After six and-a-half years of monkeying around with motions of discovery, delays, pre-trial motions and the like, they got a phone call from the carrier's lawyer.

"It was on the Friday afternoon before the Monday we were to proceed to trial," Pam recalls. "They offered to settle out of court for 20 grand. Not! We weren't in this for the fun of it. They called again later that night with an offer of 40 grand. Our lawyer was tempted, but we held out. Then, late Sunday night came a phone call with an offer of an out-of-court settlement for (a whole lot more)."

"It took a lot of leg work on our part," says Pam. "But we stuck to our guns and kept telling ourselves that we weren't going to let them do this to us. Our families were solidly behind us, as was our MLA, Dave Chomiak."

They've even scored a victory over small town justice, as meted out by Weyburn, Sask.. Don had a speeding ticket overturned because the judge had declared him guilty even before the trial had begun.

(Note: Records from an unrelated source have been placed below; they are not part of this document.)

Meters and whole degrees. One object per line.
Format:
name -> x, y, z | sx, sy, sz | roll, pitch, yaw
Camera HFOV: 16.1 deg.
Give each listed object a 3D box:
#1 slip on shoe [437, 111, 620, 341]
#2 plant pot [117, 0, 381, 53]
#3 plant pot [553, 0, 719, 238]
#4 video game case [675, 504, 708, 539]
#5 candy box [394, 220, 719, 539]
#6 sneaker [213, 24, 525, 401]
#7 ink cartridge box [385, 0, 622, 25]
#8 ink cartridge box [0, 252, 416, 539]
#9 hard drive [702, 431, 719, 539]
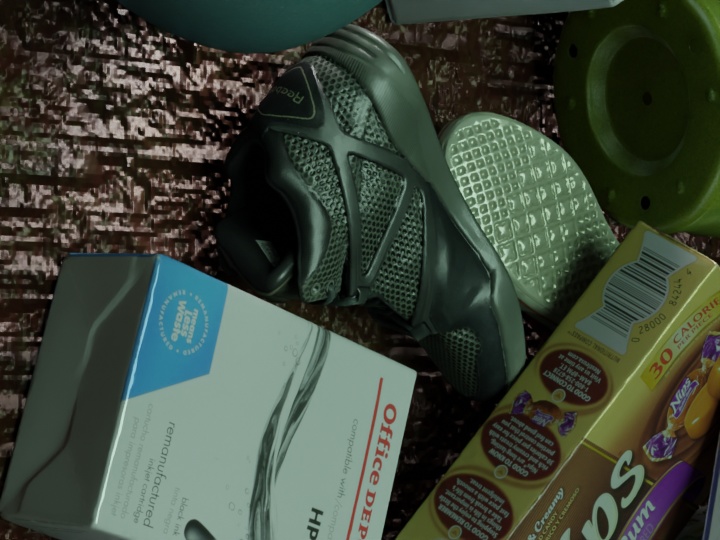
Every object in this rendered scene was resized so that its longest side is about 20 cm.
slip on shoe -> 0.090, -0.005, 1.229 | 0.200, 0.061, 0.074 | 43, 66, -39
plant pot -> -0.044, -0.167, 1.034 | 0.201, 0.199, 0.135 | -56, 161, -29
plant pot -> 0.205, -0.095, 1.269 | 0.192, 0.200, 0.202 | -11, 97, -35
video game case -> 0.163, 0.238, 1.325 | 0.181, 0.023, 0.201 | -19, 102, -43
candy box -> 0.110, 0.091, 1.194 | 0.200, 0.056, 0.117 | -53, 139, -9
sneaker -> 0.000, 0.000, 1.136 | 0.114, 0.076, 0.200 | -43, 128, -20
ink cartridge box -> 0.116, -0.187, 1.200 | 0.199, 0.144, 0.085 | -29, 110, -40
ink cartridge box -> -0.047, 0.078, 1.088 | 0.199, 0.066, 0.117 | 25, 71, -41
hard drive -> 0.234, 0.128, 1.255 | 0.199, 0.025, 0.133 | 13, 85, -49

"I wouldn't care if you told me that your wife was pregnant and delivering at the time. We're going to find you guilty," is how Don paraphrases what the judge said to him in the courtroom.

They appealed and won, largely because of their tenacity and willingness to do the extra work. Don says the appeals court judge's remarks about small town justice alone were worth the effort. For the record, Don insists he wasn't speeding.

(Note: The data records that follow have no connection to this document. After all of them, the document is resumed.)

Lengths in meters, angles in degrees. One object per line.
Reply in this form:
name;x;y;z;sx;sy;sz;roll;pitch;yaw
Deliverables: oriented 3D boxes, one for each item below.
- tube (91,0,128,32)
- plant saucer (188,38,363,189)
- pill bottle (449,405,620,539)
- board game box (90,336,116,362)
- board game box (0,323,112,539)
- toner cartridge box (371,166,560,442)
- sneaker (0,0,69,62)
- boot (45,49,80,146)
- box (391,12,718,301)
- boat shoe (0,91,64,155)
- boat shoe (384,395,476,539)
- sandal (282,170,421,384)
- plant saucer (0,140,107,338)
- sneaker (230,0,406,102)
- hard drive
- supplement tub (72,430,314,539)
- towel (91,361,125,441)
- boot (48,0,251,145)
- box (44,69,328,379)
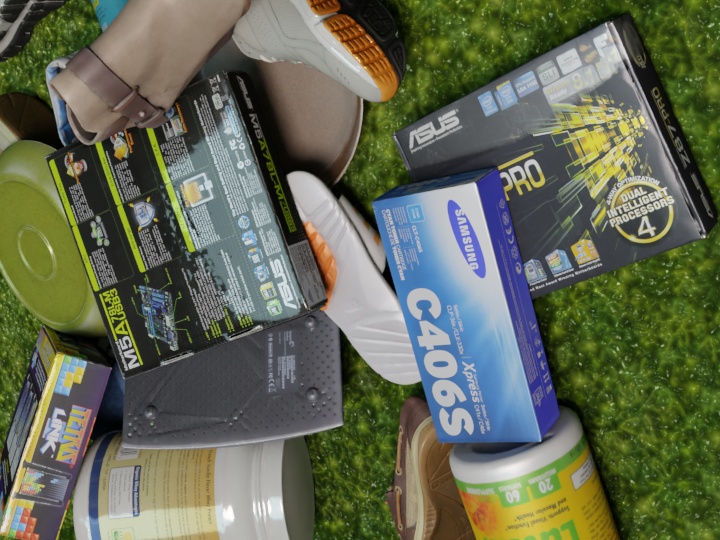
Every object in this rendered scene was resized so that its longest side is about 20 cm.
tube;-0.190;-0.174;0.905;0.049;0.077;0.204;-19;89;-6
plant saucer;-0.077;-0.154;0.872;0.197;0.032;0.204;11;113;27
pill bottle;0.153;0.222;0.823;0.110;0.111;0.203;-15;100;34
board game box;-0.191;0.033;0.997;0.199;0.024;0.105;-32;108;35
board game box;-0.300;0.150;0.992;0.199;0.056;0.168;14;85;69
toner cartridge box;0.081;0.031;0.784;0.094;0.043;0.204;-8;105;35
sneaker;-0.327;-0.274;0.953;0.198;0.078;0.092;-29;85;34
boot;-0.226;-0.103;0.941;0.072;0.095;0.204;-13;103;33
box;0.139;-0.071;0.760;0.198;0.049;0.164;-21;96;37
boat shoe;-0.294;-0.085;1.012;0.201;0.074;0.067;50;134;12
boat shoe;0.058;0.202;0.911;0.072;0.071;0.204;37;140;50
sandal;-0.006;0.004;0.872;0.078;0.059;0.208;-27;105;29
plant saucer;-0.298;-0.021;0.976;0.197;0.031;0.204;20;124;31
sneaker;-0.048;-0.186;0.788;0.200;0.075;0.093;46;133;18
hard drive;-0.110;0.091;0.908;0.196;0.042;0.138;-7;66;8
supplement tub;-0.150;0.215;0.960;0.196;0.145;0.147;-7;106;10
towel;-0.203;0.129;1.027;0.112;0.049;0.199;43;128;-13
boot;-0.151;-0.164;0.715;0.070;0.146;0.201;46;161;12
box;-0.145;-0.034;0.844;0.190;0.047;0.204;-20;91;25

And then there was the now famous tax-court case about meal deductions for truck drivers.

"We just researched the Income Tax Act at the library and went after what it seemed to be saying we could claim," Pam says. "In the end, it's wrong to have to work so hard to prove you're right in the face of a system that claims it's working for you. Those folks at CCRA [Canada Customs and Revenue Agency] never cut us an inch of slack. We won, but it wasn't easy, and it's not over yet."

Pam and Don may seem like a pair of scrappers, but they're really fine and decent people. While Kurshnier maintains that he'd never sit for a hand of poker with them, as role models for standing up for what's right, he couldn't point to a better example.

Remember those drivers who were laughing at them for taking on the carrier? More than 20 of them have since settled similar claims out of court, and there are more pending.

"If you're guilty, pay the fine and get over it," Don says. "But if you're not, then fight like hell and stand up for your rights."

The Wilkinsons are living proof that justice works if you're prepared to make a stand.